BEGIN MATERIAL PROVIDED
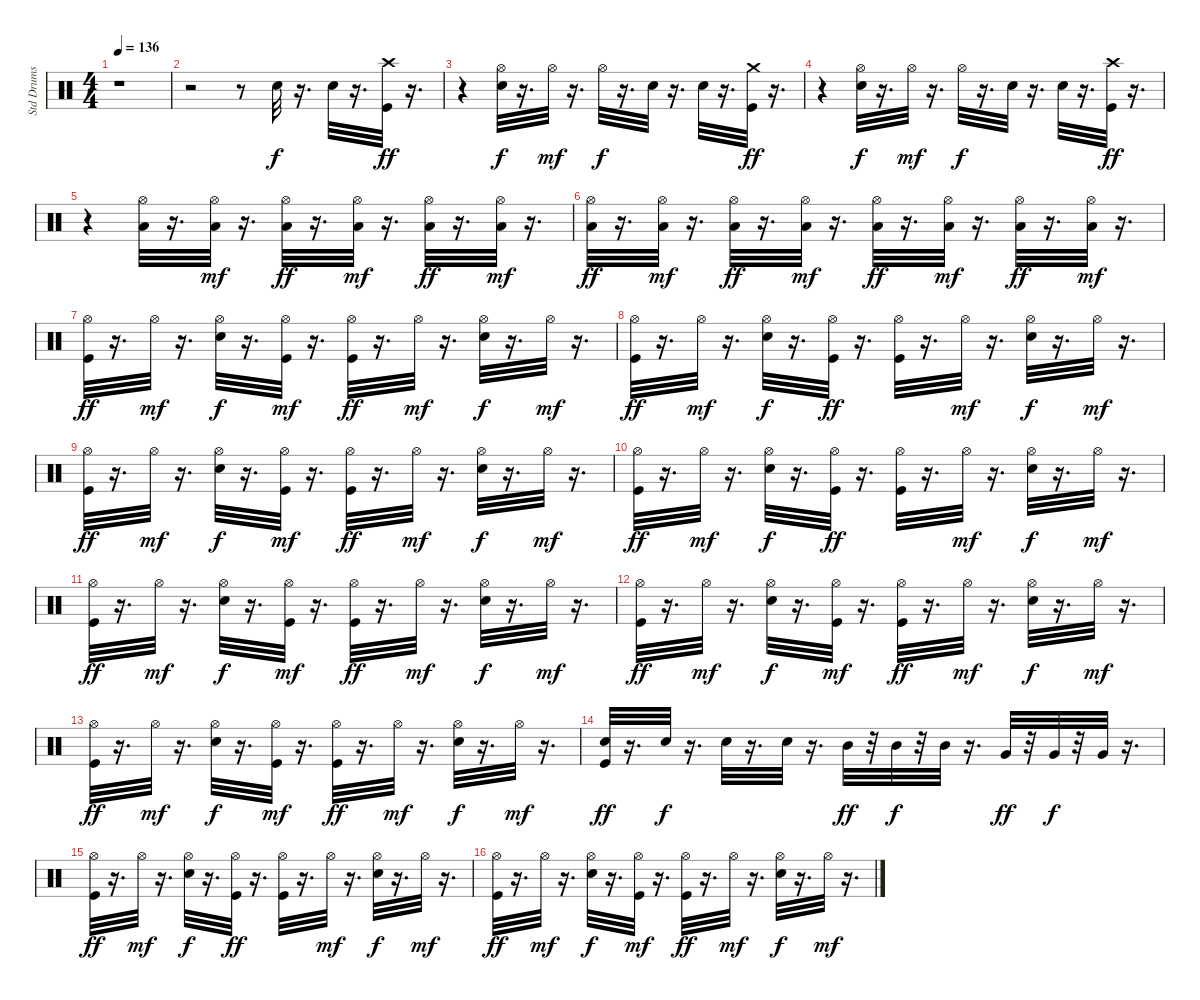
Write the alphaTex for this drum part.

\track ("Std Drums" "Std Drums") {instrument percussion}
\staff {score}
\articulation defaults
\ts (4 4)
\tempo 136
\clef neutral
\ks c
r.1{dy f} |
r.2 r.8 "Snare (hit) 2".32 r.16{d} "Snare (hit) 2".32 r.16{d} ("Kick (hit)" "Crash high (hit)").32{dy ff} r.16{d} |
r.4 ("Snare (hit) 2" "Hi-Hat (open)").32{dy f} r.16{d} "Hi-Hat (open)".32{dy mf} r.16{d} "Hi-Hat (open)".32{dy f} r.16{d} "Snare (hit) 2".32 r.16{d} "Snare (hit) 2".32 r.16{d} ("Kick (hit)" "Crash medium (hit)").32{dy ff} r.16{d} |
r.4 ("Snare (hit) 2" "Hi-Hat (open)").32{dy f} r.16{d} "Hi-Hat (open)".32{dy mf} r.16{d} "Hi-Hat (open)".32{dy f} r.16{d} "Snare (hit) 2".32 r.16{d} "Snare (hit) 2".32 r.16{d} ("Kick (hit)" "Crash high (hit)").32{dy ff} r.16{d} |
r.4 ("Low Floor Tom (hit)" "Hi-Hat (open)").32 r.16{d} ("Hi-Hat (open)" "Low Floor Tom (hit)").32{dy mf} r.16{d} ("Low Floor Tom (hit)" "Hi-Hat (open)").32{dy ff} r.16{d} ("Hi-Hat (open)" "Low Floor Tom (hit)").32{dy mf} r.16{d} ("Hi-Hat (open)" "Low Floor Tom (hit)").32{dy ff} r.16{d} ("Low Floor Tom (hit)" "Hi-Hat (open)").32{dy mf} r.16{d} |
("Low Floor Tom (hit)" "Hi-Hat (open)").32{dy ff} r.16{d} ("Low Floor Tom (hit)" "Hi-Hat (open)").32{dy mf} r.16{d} ("Hi-Hat (open)" "Low Floor Tom (hit)").32{dy ff} r.16{d} ("Low Floor Tom (hit)" "Hi-Hat (open)").32{dy mf} r.16{d} ("Low Floor Tom (hit)" "Hi-Hat (open)").32{dy ff} r.16{d} ("Hi-Hat (open)" "Low Floor Tom (hit)").32{dy mf} r.16{d} ("Hi-Hat (open)" "Low Floor Tom (hit)").32{dy ff} r.16{d} ("Hi-Hat (open)" "Low Floor Tom (hit)").32{dy mf} r.16{d} |
("Kick (hit)" "Hi-Hat (open)").32{dy ff} r.16{d} "Hi-Hat (open)".32{dy mf} r.16{d} ("Snare (hit) 2" "Hi-Hat (open)").32{dy f} r.16{d} ("Kick (hit)" "Hi-Hat (open)").32{dy mf} r.16{d} ("Hi-Hat (open)" "Kick (hit)").32{dy ff} r.16{d} "Hi-Hat (open)".32{dy mf} r.16{d} ("Snare (hit) 2" "Hi-Hat (open)").32{dy f} r.16{d} "Hi-Hat (open)".32{dy mf} r.16{d} |
("Kick (hit)" "Hi-Hat (open)").32{dy ff} r.16{d} "Hi-Hat (open)".32{dy mf} r.16{d} ("Snare (hit) 2" "Hi-Hat (open)").32{dy f} r.16{d} ("Hi-Hat (open)" "Kick (hit)").32{dy ff} r.16{d} ("Kick (hit)" "Hi-Hat (open)").32 r.16{d} "Hi-Hat (open)".32{dy mf} r.16{d} ("Snare (hit) 2" "Hi-Hat (open)").32{dy f} r.16{d} "Hi-Hat (open)".32{dy mf} r.16{d} |
("Hi-Hat (open)" "Kick (hit)").32{dy ff} r.16{d} "Hi-Hat (open)".32{dy mf} r.16{d} ("Hi-Hat (open)" "Snare (hit) 2").32{dy f} r.16{d} ("Kick (hit)" "Hi-Hat (open)").32{dy mf} r.16{d} ("Kick (hit)" "Hi-Hat (open)").32{dy ff} r.16{d} "Hi-Hat (open)".32{dy mf} r.16{d} ("Hi-Hat (open)" "Snare (hit) 2").32{dy f} r.16{d} "Hi-Hat (open)".32{dy mf} r.16{d} |
("Hi-Hat (open)" "Kick (hit)").32{dy ff} r.16{d} "Hi-Hat (open)".32{dy mf} r.16{d} ("Snare (hit) 2" "Hi-Hat (open)").32{dy f} r.16{d} ("Hi-Hat (open)" "Kick (hit)").32{dy ff} r.16{d} ("Kick (hit)" "Hi-Hat (open)").32 r.16{d} "Hi-Hat (open)".32{dy mf} r.16{d} ("Hi-Hat (open)" "Snare (hit) 2").32{dy f} r.16{d} "Hi-Hat (open)".32{dy mf} r.16{d} |
("Hi-Hat (open)" "Kick (hit)").32{dy ff} r.16{d} "Hi-Hat (open)".32{dy mf} r.16{d} ("Snare (hit) 2" "Hi-Hat (open)").32{dy f} r.16{d} ("Kick (hit)" "Hi-Hat (open)").32{dy mf} r.16{d} ("Hi-Hat (open)" "Kick (hit)").32{dy ff} r.16{d} "Hi-Hat (open)".32{dy mf} r.16{d} ("Snare (hit) 2" "Hi-Hat (open)").32{dy f} r.16{d} "Hi-Hat (open)".32{dy mf} r.16{d} |
("Kick (hit)" "Hi-Hat (open)").32{dy ff} r.16{d} "Hi-Hat (open)".32{dy mf} r.16{d} ("Hi-Hat (open)" "Snare (hit) 2").32{dy f} r.16{d} ("Kick (hit)" "Hi-Hat (open)").32{dy mf} r.16{d} ("Kick (hit)" "Hi-Hat (open)").32{dy ff} r.16{d} "Hi-Hat (open)".32{dy mf} r.16{d} ("Snare (hit) 2" "Hi-Hat (open)").32{dy f} r.16{d} "Hi-Hat (open)".32{dy mf} r.16{d} |
("Hi-Hat (open)" "Kick (hit)").32{dy ff} r.16{d} "Hi-Hat (open)".32{dy mf} r.16{d} ("Hi-Hat (open)" "Snare (hit) 2").32{dy f} r.16{d} ("Kick (hit)" "Hi-Hat (open)").32{dy mf} r.16{d} ("Kick (hit)" "Hi-Hat (open)").32{dy ff} r.16{d} "Hi-Hat (open)".32{dy mf} r.16{d} ("Snare (hit) 2" "Hi-Hat (open)").32{dy f} r.16{d} "Hi-Hat (open)".32{dy mf} r.16{d} |
("Kick (hit)" "Snare (hit) 2").32{dy ff} r.16{d} "Snare (hit) 2".32{dy f} r.16{d} "Snare (hit) 2".32 r.16{d} "Snare (hit) 2".32 r.16{d} "Mid Tom (hit)".32{dy ff} r.32 "Mid Tom (hit)".32{dy f} r.32 "Mid Tom (hit)".32 r.16{d} "Very Low Tom (hit)".32{dy ff} r.32 "Very Low Tom (hit)".32{dy f} r.32 "Very Low Tom (hit)".32 r.16{d} |
("Kick (hit)" "Hi-Hat (open)").32{dy ff} r.16{d} "Hi-Hat (open)".32{dy mf} r.16{d} ("Hi-Hat (open)" "Snare (hit) 2").32{dy f} r.16{d} ("Hi-Hat (open)" "Kick (hit)").32{dy ff} r.16{d} ("Hi-Hat (open)" "Kick (hit)").32 r.16{d} "Hi-Hat (open)".32{dy mf} r.16{d} ("Hi-Hat (open)" "Snare (hit) 2").32{dy f} r.16{d} "Hi-Hat (open)".32{dy mf} r.16{d} |
("Hi-Hat (open)" "Kick (hit)").32{dy ff} r.16{d} "Hi-Hat (open)".32{dy mf} r.16{d} ("Hi-Hat (open)" "Snare (hit) 2").32{dy f} r.16{d} ("Kick (hit)" "Hi-Hat (open)").32{dy mf} r.16{d} ("Hi-Hat (open)" "Kick (hit)").32{dy ff} r.16{d} "Hi-Hat (open)".32{dy mf} r.16{d} ("Hi-Hat (open)" "Snare (hit) 2").32{dy f} r.16{d} "Hi-Hat (open)".32{dy mf} r.16{d}
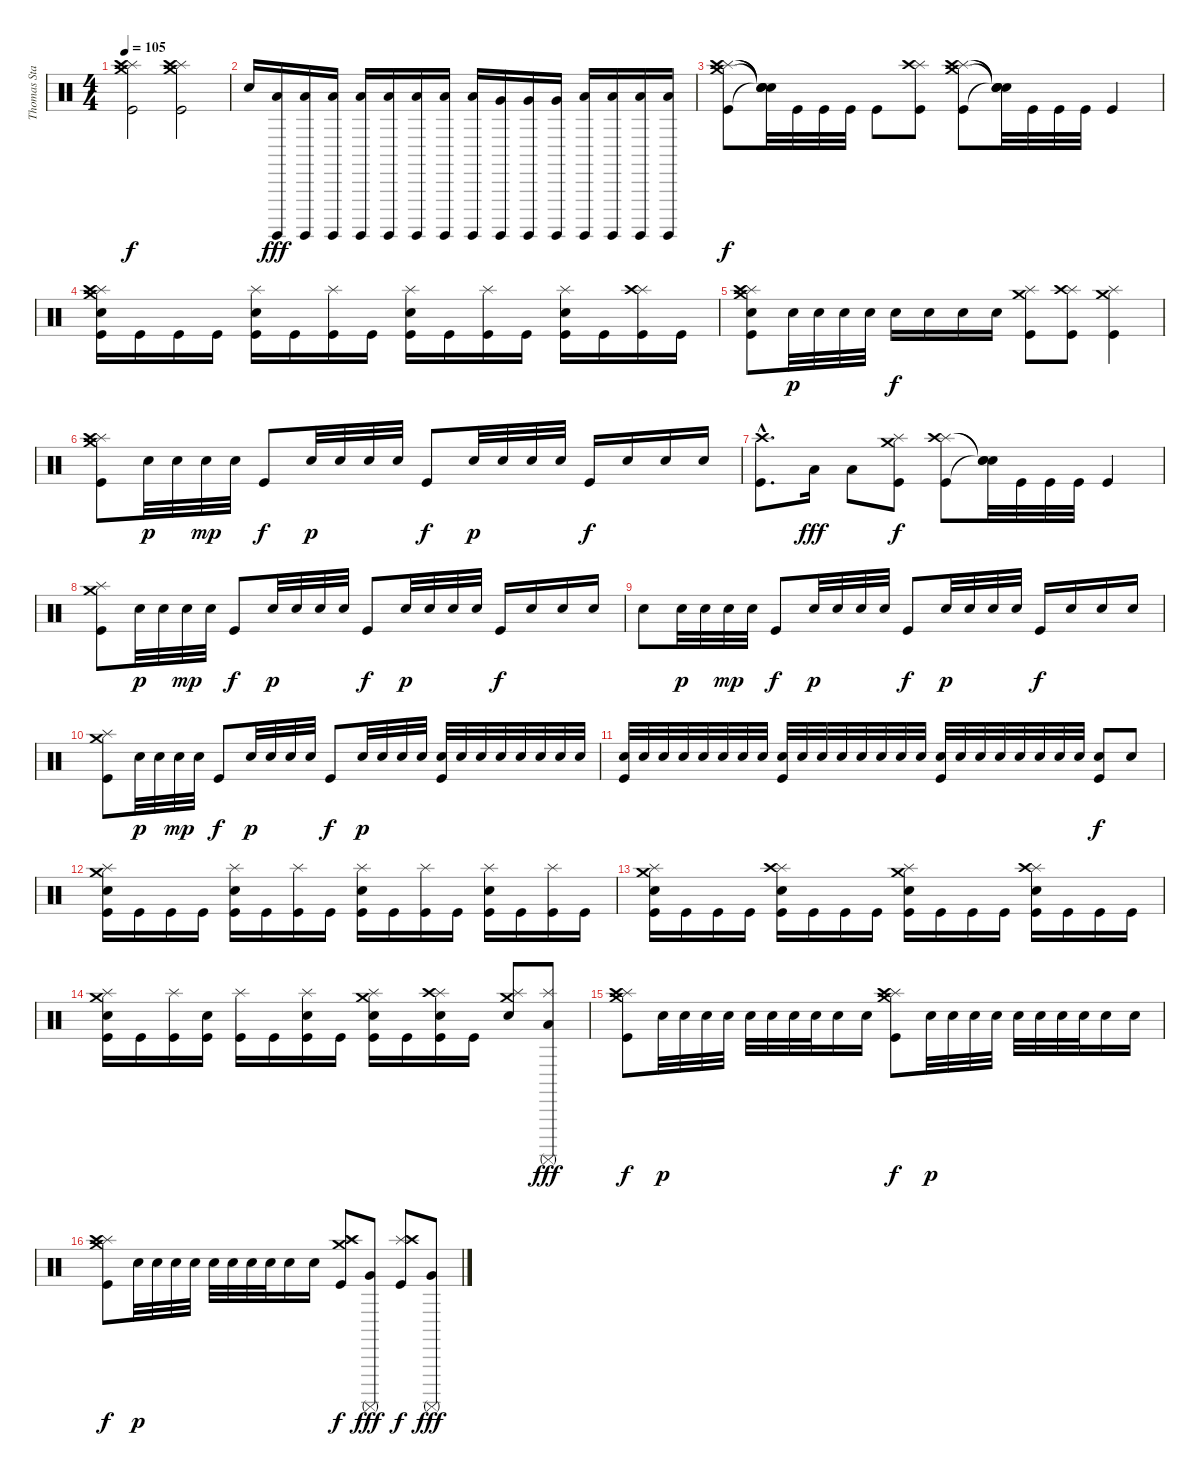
END MATERIAL PROVIDED
WORK INSTRUCTION - Extract every line containing the string "Crash" from the material.

FINISHED TASK -
r.2 r.8 "Snare (hit) 2".32 r.16{d} "Snare (hit) 2".32 r.16{d} ("Kick (hit)" "Crash high (hit)").32{dy ff} r.16{d} |
r.4 ("Snare (hit) 2" "Hi-Hat (open)").32{dy f} r.16{d} "Hi-Hat (open)".32{dy mf} r.16{d} "Hi-Hat (open)".32{dy f} r.16{d} "Snare (hit) 2".32 r.16{d} "Snare (hit) 2".32 r.16{d} ("Kick (hit)" "Crash medium (hit)").32{dy ff} r.16{d} |
r.4 ("Snare (hit) 2" "Hi-Hat (open)").32{dy f} r.16{d} "Hi-Hat (open)".32{dy mf} r.16{d} "Hi-Hat (open)".32{dy f} r.16{d} "Snare (hit) 2".32 r.16{d} "Snare (hit) 2".32 r.16{d} ("Kick (hit)" "Crash high (hit)").32{dy ff} r.16{d} |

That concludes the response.